As shown in Figure 4, data server 50 comprises: secure communication unit 51 is connected with second mobile device 20 by wide area wireless communication network 30, between second mobile device 20 and data server 50, set up one such as HTTPS, IPSEC, the data transmission channel of safety such as VPN; Safety verification unit 53 is according to the validity from validation of information second mobile device 20 of authentication server 40; Database 55 is used to preserve each user's secure data; Data Management Unit 54 links to each other with database 55, is used for access user's secure data; And encryption/decryption element 52, be used for data and encrypt and sign.
Though described data server 50 and authentication server 40 in the mode of separating above, data server 50 and authentication server 40 can be same physical equipments, also can be different physical equipments.
Wide area wireless communication network 30 comprises GSM, GPRS, EDGE, CDMA, WIMAX, 3G or WIFI etc.

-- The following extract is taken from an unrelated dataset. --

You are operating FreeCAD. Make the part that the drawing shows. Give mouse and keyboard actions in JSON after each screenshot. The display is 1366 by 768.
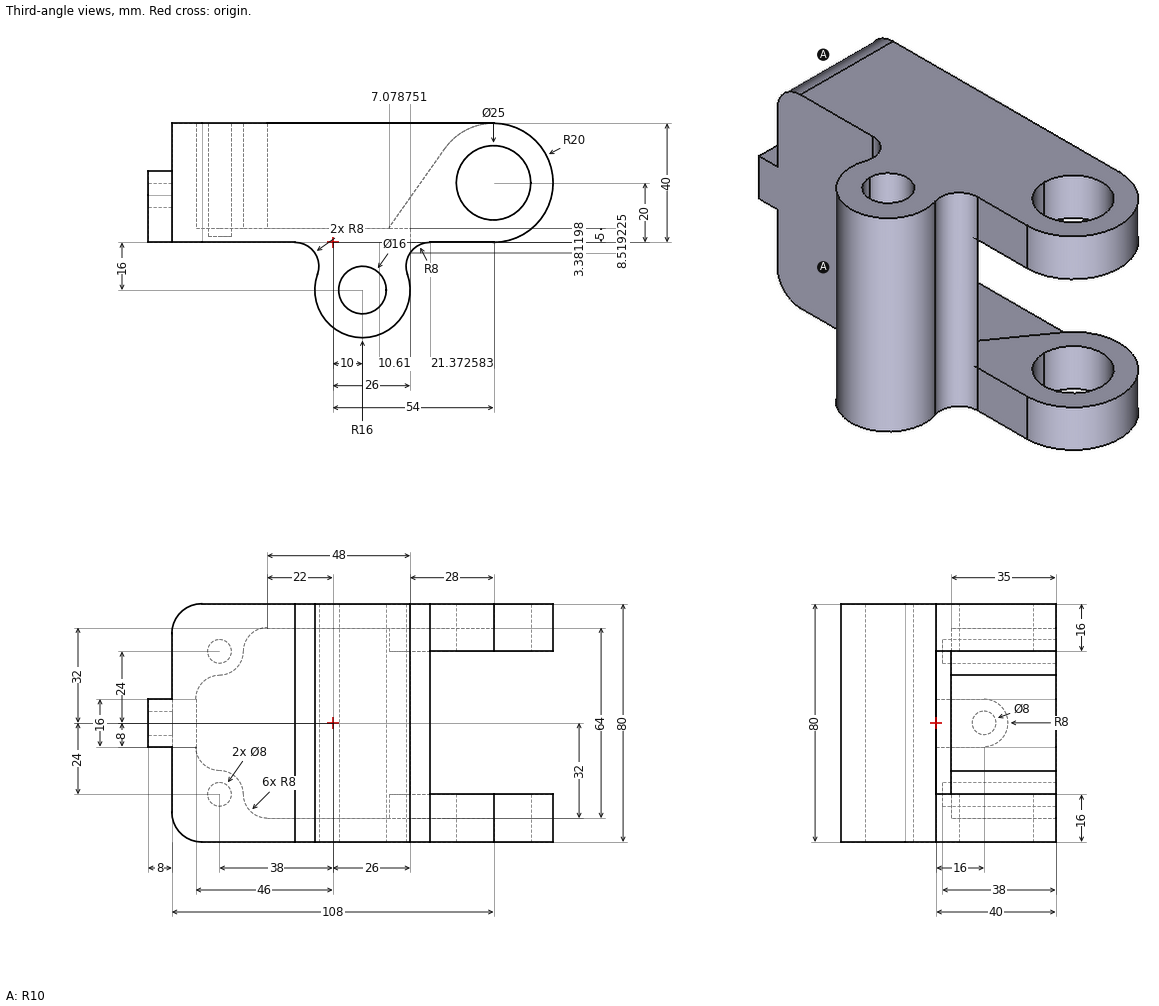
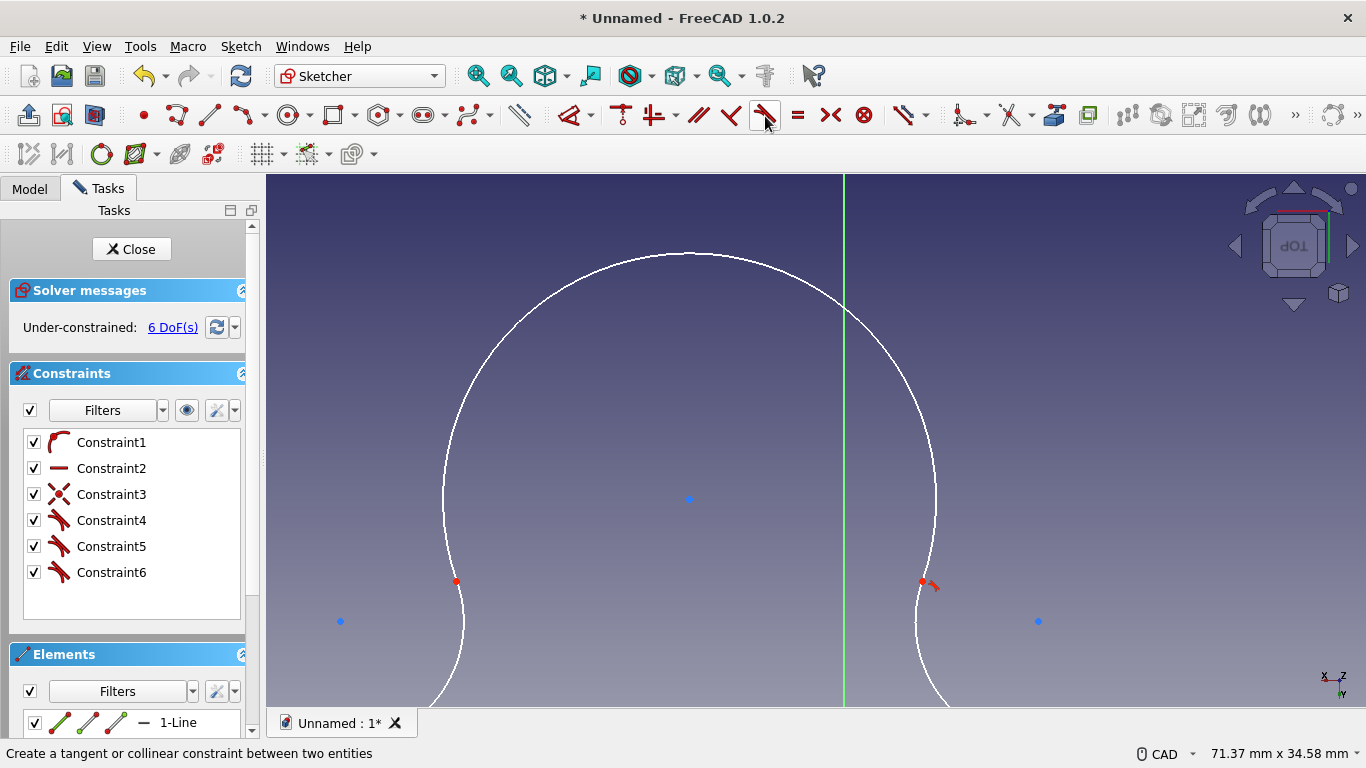
{"action": "left_click", "coordinate": [860, 322]}

Above-mentioned encryption and signature algorithm can adopt the symmetric key mode, and adoptable cipher mode comprises DES, 3DES, RC4, IDEA, AES etc., also can adopt the asymmetric-key encryption mode such as RSA, ECC etc.Endorsement method to certificate can use MD4, MD5 and SHA-1 etc.After transaction voucher encrypted digital certificate expired, user or payment management can be initiated the renewal process of certificate.
Fig. 5 is the flow chart that is used for illustrating according to the data voucher transmission course of the embodiment of the invention.As shown in Figure 5, first mobile device 10 generates the data voucher or obtain the data voucher (S11) of storage in advance from its memory cell 13.Usually, the data voucher comprises information such as voucher rise time, associated data sign, the voucher term of validity, random credentials sign, user ID, mobile device sign, noncontact device identification, data importance grade and authentication server address, these information can use the digital digest algorithm to generate summary info, then summary are encrypted to generate digital signature and obtain.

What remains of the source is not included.